SINGARAJA, BALI EXPRESS — Gubernur Bali, Wayan Koster, kembali menegaskan penataan Pelabuhan Sangsit, dalam mempercepat pembangunan infrastruktur strategis di Kabupaten Buleleng. Salah satu fokus utama yang tengah didorong adalah pengembangan pelabuhan, baik di wilayah timur maupun barat Buleleng, sebagai upaya menghidupkan kembali roda perekonomian kawasan utara Bali.
Pelabuhan Sangsit menjadi salah satu proyek prioritas yang saat ini masih berada pada tahap awal perencanaan. Koster mengungkapkan bahwa proyek tersebut tengah memasuki fase visibility study atau studi kelayakan awal. Studi ini ditargetkan rampung pada akhir Maret 2026.
“Pelabuhan Sangsit masih tahap visibility study. Ini dirancang sebagai pelabuhan terpadu, mencakup layanan logistik, penumpang, hingga kapal pesiar (cruise),” ujar Koster, Senin (30/3) saat membuka Parade Budaya Kecamatan di Buleleng.
Ia menambahkan, setelah studi tersebut selesai, pemerintah akan melanjutkan ke tahap presentasi desain yang dijadwalkan mulai April mendatang. Langkah ini menjadi bagian penting dalam memastikan kesiapan proyek sebelum masuk ke tahap pembangunan fisik.
Tak hanya Sangsit, perhatian juga diarahkan pada Pelabuhan Celukan Bawang yang saat ini dinilai belum berfungsi secara optimal.

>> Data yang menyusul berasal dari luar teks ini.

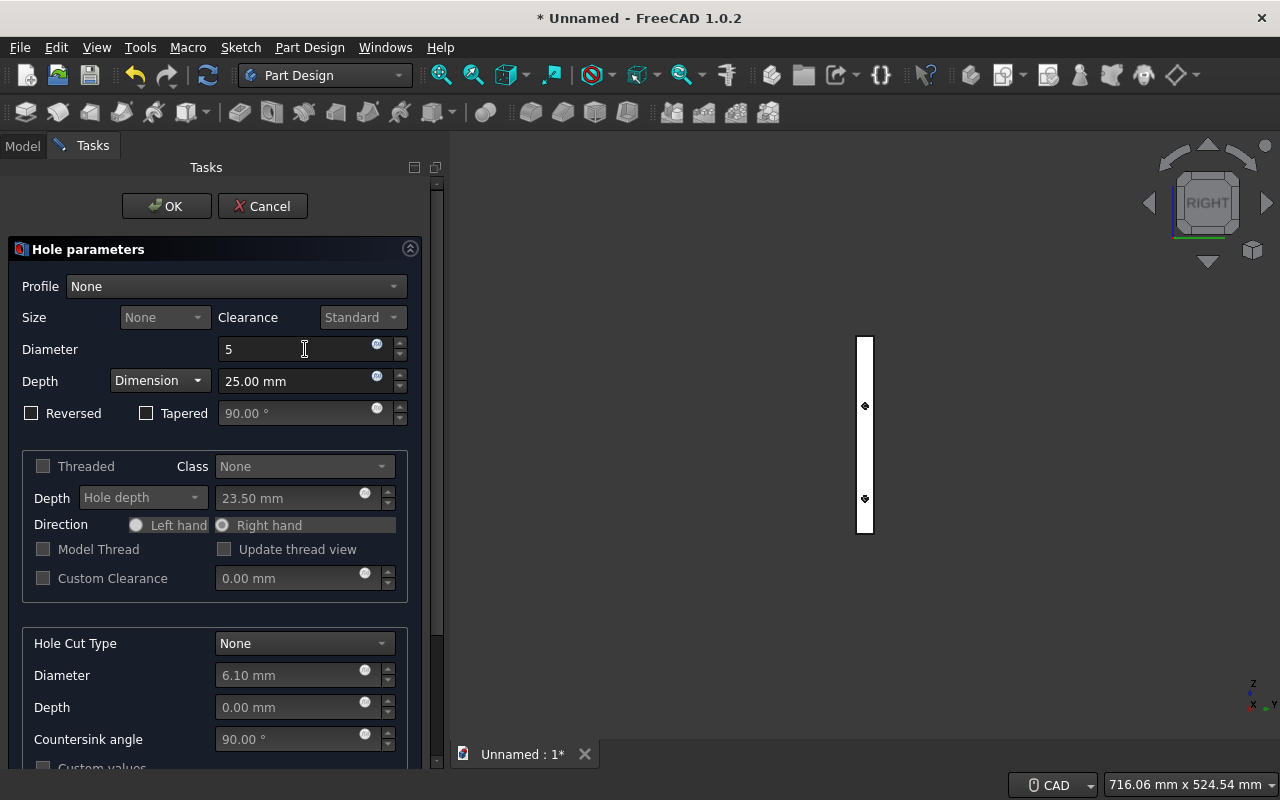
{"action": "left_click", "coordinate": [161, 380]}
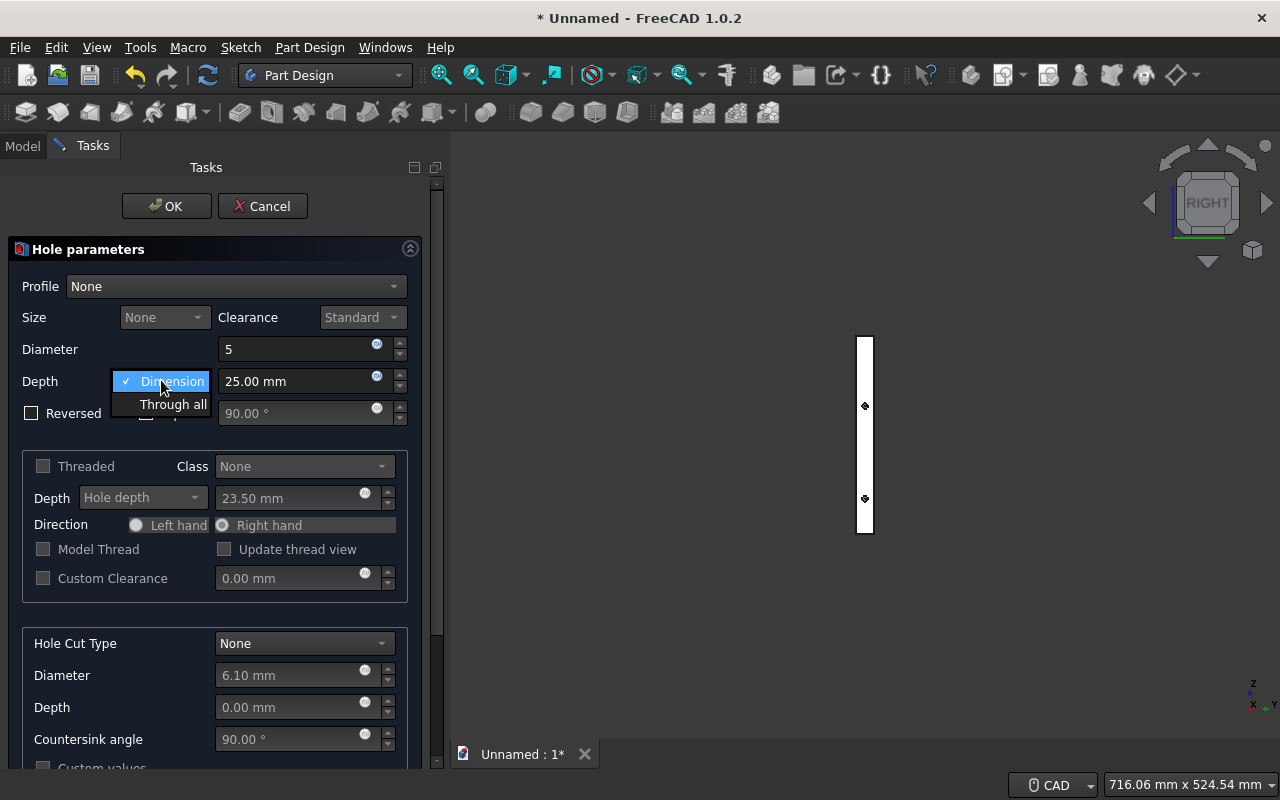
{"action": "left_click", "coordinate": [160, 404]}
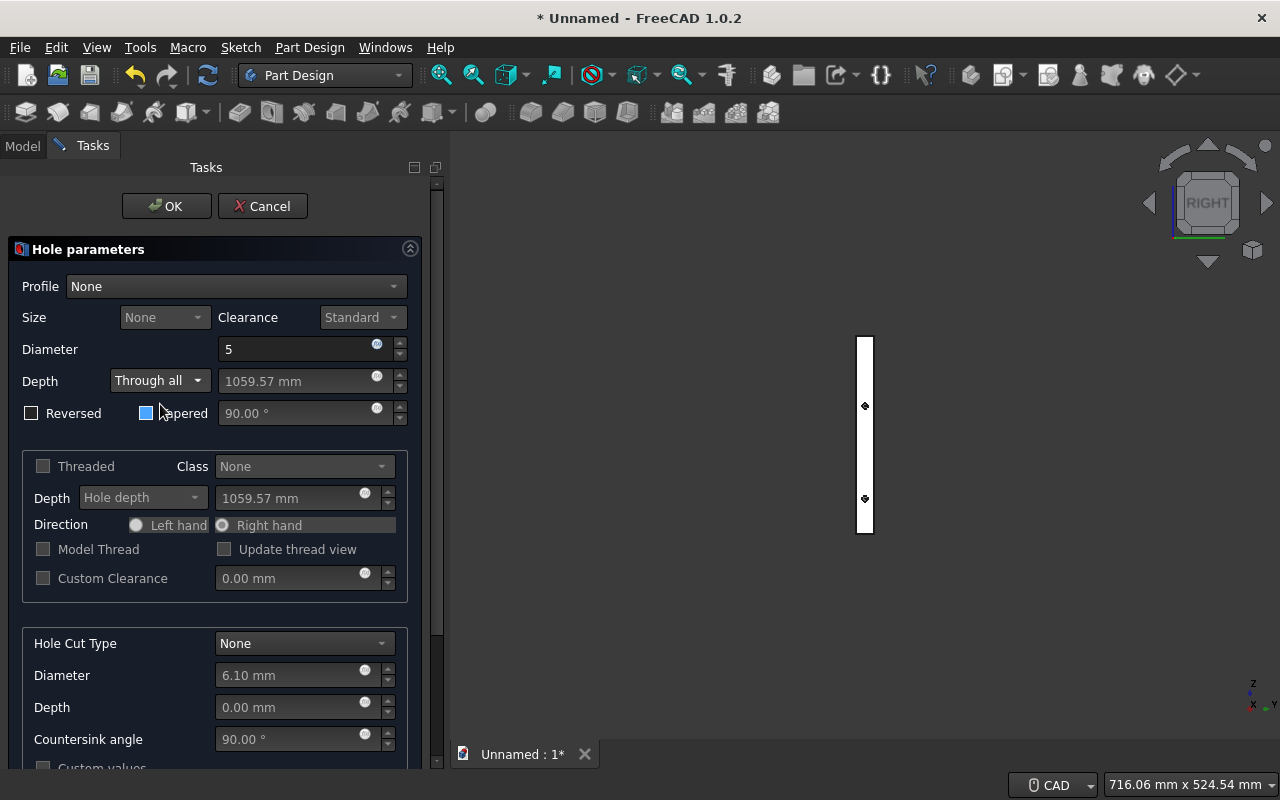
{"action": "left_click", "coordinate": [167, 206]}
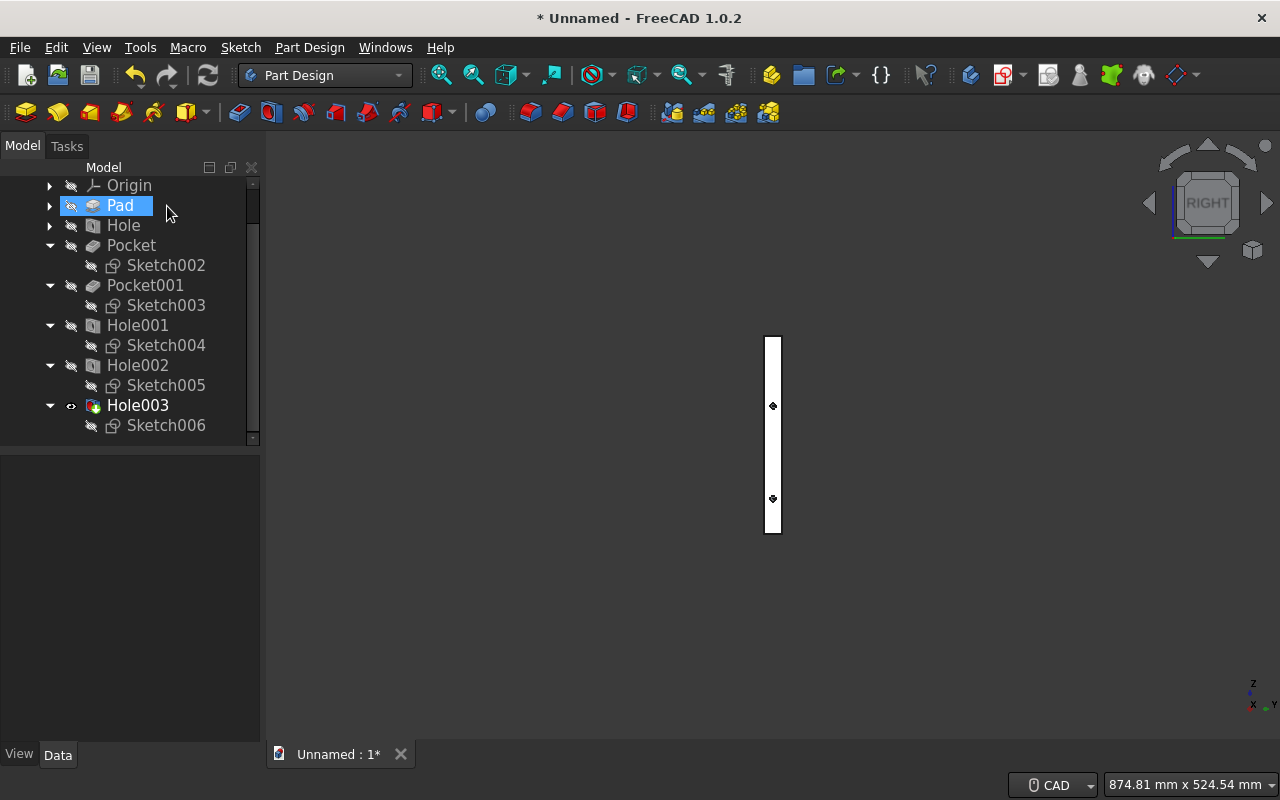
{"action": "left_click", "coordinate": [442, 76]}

Menurut Koster, pelabuhan tersebut akan ditata kembali agar memiliki peran lebih strategis dalam mendukung distribusi barang dan mobilitas masyarakat.
“Pelabuhan Celukan Bawang saat ini fungsinya masih sangat terbatas. Ke depan akan kami tata kembali agar bisa menunjang Buleleng bagian barat, tengah, hingga timur,” jelasnya.
Penataan dua pelabuhan ini diharapkan mampu menjadi pengungkit pertumbuhan ekonomi di Buleleng secara menyeluruh. Dengan konektivitas yang lebih baik, distribusi logistik, pariwisata, dan aktivitas perdagangan diyakini akan meningkat signifikan.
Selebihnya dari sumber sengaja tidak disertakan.